Problem 4A: Finding frequent socio-economic patterns.

This problem uses data that was collected during past US census and contains a set of attributes describing individuals living in the US, for example, their age, profession, origin, icome. We would like to find frequent patterns over these socio-economic indicators.

The data can be found online:
http://archive.ics.uci.edu/ml/machine-learning-databases/adult/adult.data
Some explanation about the attributes is provided at the very bottom of the following page:
http://archive.ics.uci.edu/ml/machine-learning-databases/adult/adult.names

The new thing to be leaned and used is frequent patterns with non-binary data:, especially categorical attributes and continuous attributes and their binarization/discretization, as well as hierarchies.

The data contains different types of attributes:

  • continuous numerical (e.g. capital),
  • categorical (e.g. occupation), 
  • attributes that can be organised into a hierarchy (e.g. native country, individual countries can be grouped by regions, then continents)

Here we are interested in how these attributes can be represented, using binarization and discretization and how the basic frequent itemset mining algorithms can be adapted to best mine patterns from this database.
You will need to implement some data preprocessing and adapt existing mining algorithm to take into account the specificities of the data generated by this preprocessing.

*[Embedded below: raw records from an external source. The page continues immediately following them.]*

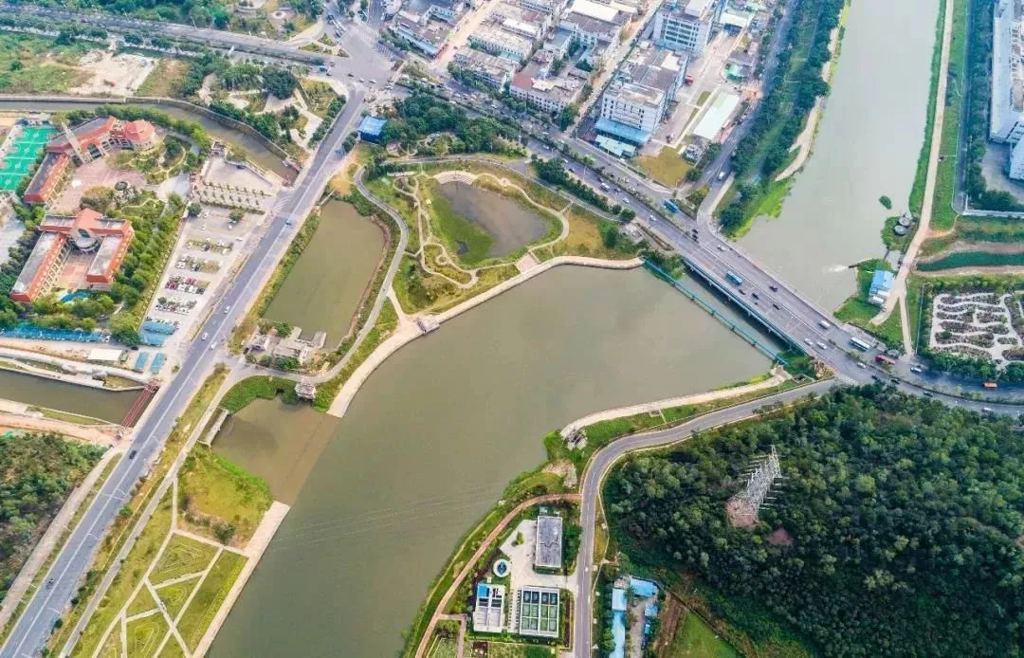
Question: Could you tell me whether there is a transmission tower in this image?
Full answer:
Yes, the photo shows a transmission tower.
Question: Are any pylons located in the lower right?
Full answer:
Yes, you'll find a pylon in the lower right.
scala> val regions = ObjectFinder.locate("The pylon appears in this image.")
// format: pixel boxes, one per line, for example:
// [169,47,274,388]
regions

Problem 4B: Comparing frequent pattern mining algorithms.

The purpose of this problem is to compare different methods for finding frequent patterns.

Select a few algorithms among those that can be found online, for example on the FIMI repository:
http://fimi.ua.ac.be/src/

The algorithms should be comparable, in the sense that they have very similar pattern languages but use different methods for finding them.

You should present a detailed comparison of the method, the exact patterns they mine, how the search space is structured and explored, how do the performance vary.
The comparison should be theoretical as well as experimental. You should study the algorithms and run them on different datasets to compare their performances.
Common datasets can be found on the FIMI repository as well as on the UCI Machine Learning repository.
Of course, you are welcome to include an implementation of your own, for example from past problems, in the comparison...

 

Reporting.

Work this week is individual, so is reporting. You will need to submit two reports:  a technical report and a learning journal.

The technical report is the individual equivalent of previous weeks group report section 1, i.e. substance (see Reporting tab). Problem 4B requires really detailed and structured reporting on the compared methods, compared to Problem 4A, which involves more work on the implementation. In either case, the report should not be over two pages, figures and tables excluded. You will not have to give any oral presentation of the work, so try to be particularly clear and precise in written reporting. You must mention any collaborations with other students on solving the problem.

The expected content of personal learning journal is similar to previous weeks. In addition you should include a synthesis section where you list the important points you learnt during this course, summary of your observations about the organisation of the course, the group work, etc. Constructive criticism and suggestions for improvements are welcome. These summary points will be discussed and presented by groups during the last course.

The deadline for reporting is the evening before the last session, i.e. Wed. 25th.